Last week we covered the recommendations of the Aged Care Task Force. Its main recommendation concerned funding. Rather than funding the increased cost of aged care through a Medicare-style tax levy, as recommended by the Commission on Aged Care Quality and Safety, the task force recommended that increased costs in aged care should be funded by higher contributions from users of aged care residential and in-home services. Aged Care Minister Anika Wells seems to be set to accept this recommendation.

This could be seen as a pragmatic response in pre-budget time, but in a discussion on Saturday ExtraGovernment backs a shift in aged care policy – demographer Liz Allen of ANU sees it as a fundamental shift in government policy. The government is tacitly acknowledging that it should not go on asking taxpayers, most of whom are of working age, to go on supporting older Australians, many of whom are enjoying a raft of benefits paid for by younger Australians.

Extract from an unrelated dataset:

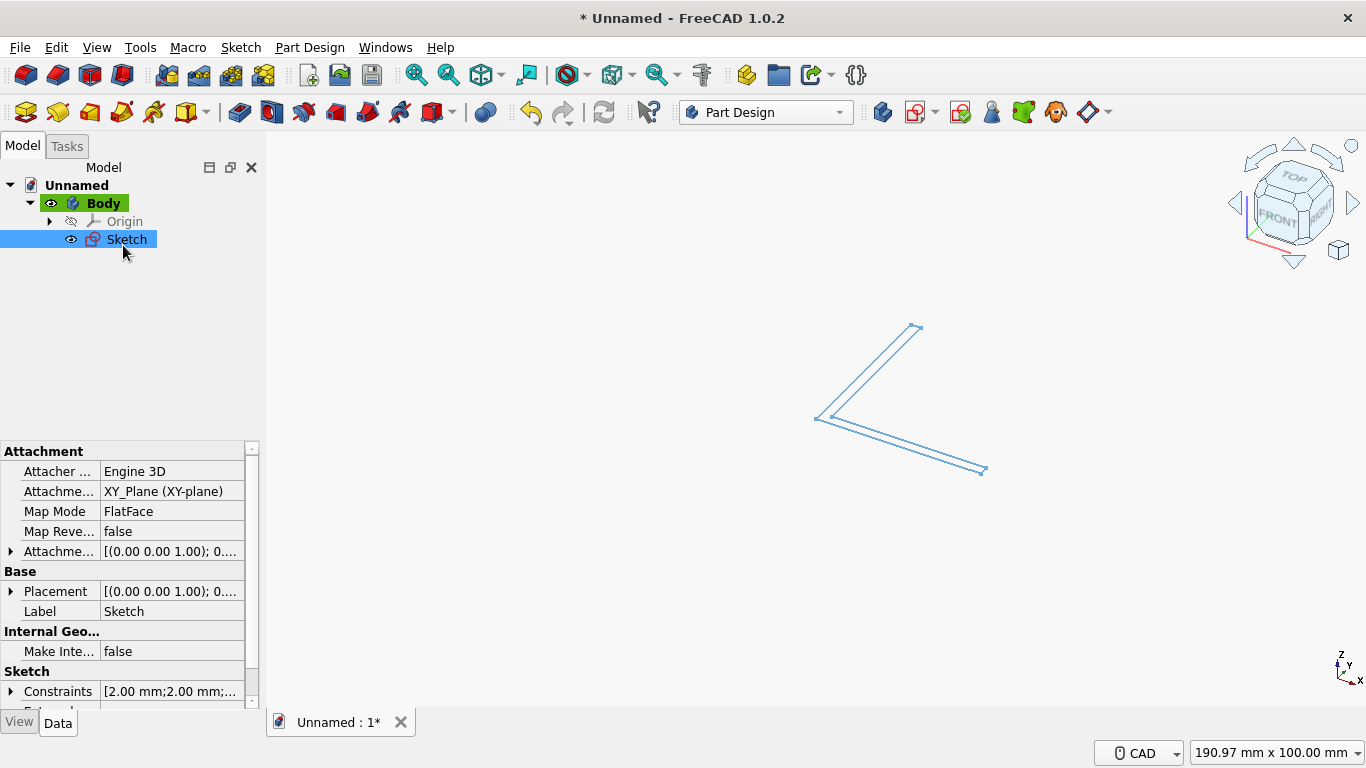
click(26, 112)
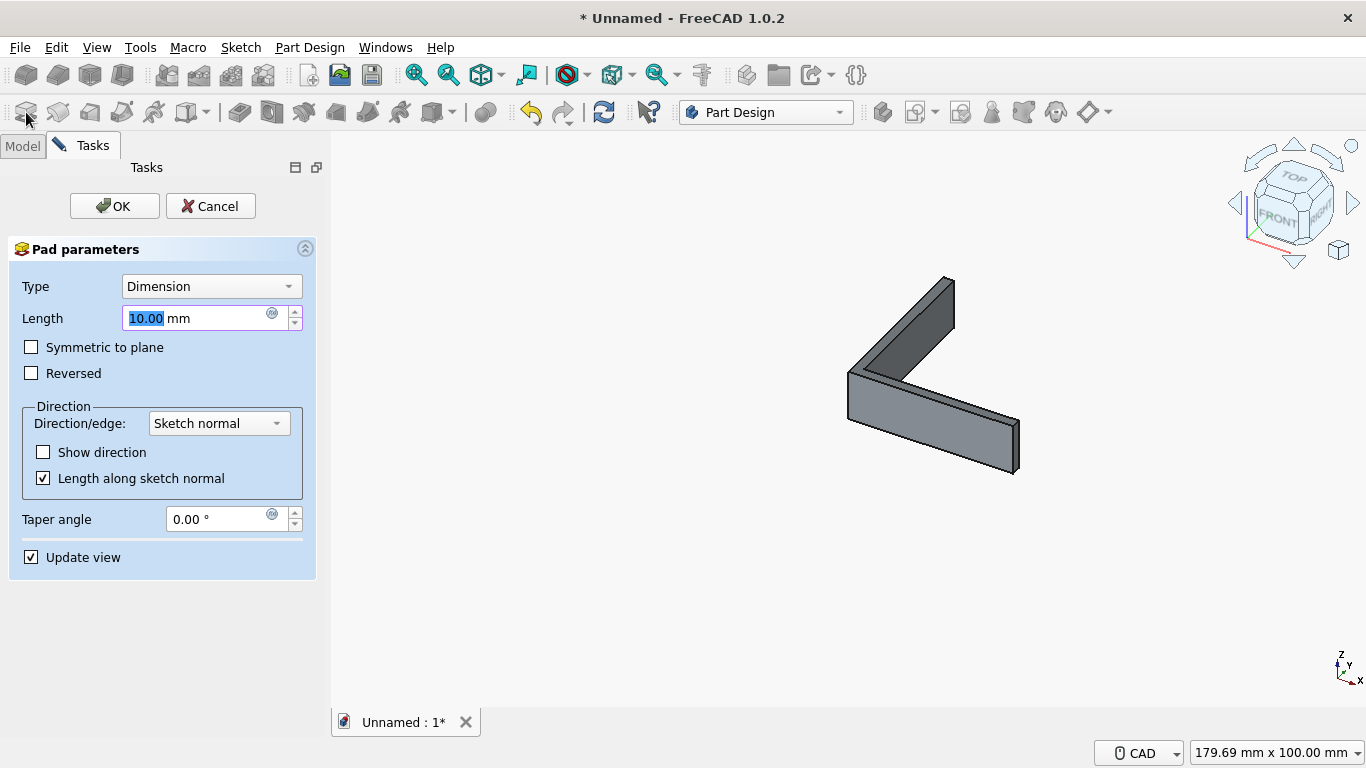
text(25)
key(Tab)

Allen sees the government’s decision as a move in an ongoing “intergenerational warfare”. It’s a minor concession to younger people. Previous governments, mainly Coalition, have been fearful of the backlash from older Australians when developing policies, but a Labor government need not fear, because most older voters are rusted-on Coalition supporters. It is hard to imagine that there would be enough Labor or Green older voters who would switch to the Coalition in reaction to this move. And as Allen reminds us, there is a demographic shift in voting: as present cohorts of voters age they are not shifting to the Coalition. This is unlike the situation in earlier times when support for the Coalition rose as people’s aged.

The 11-minute discussion goes on to general and serious issues about intergenerational equity, particularly the role of inheritances in widening and solidifying class divisions.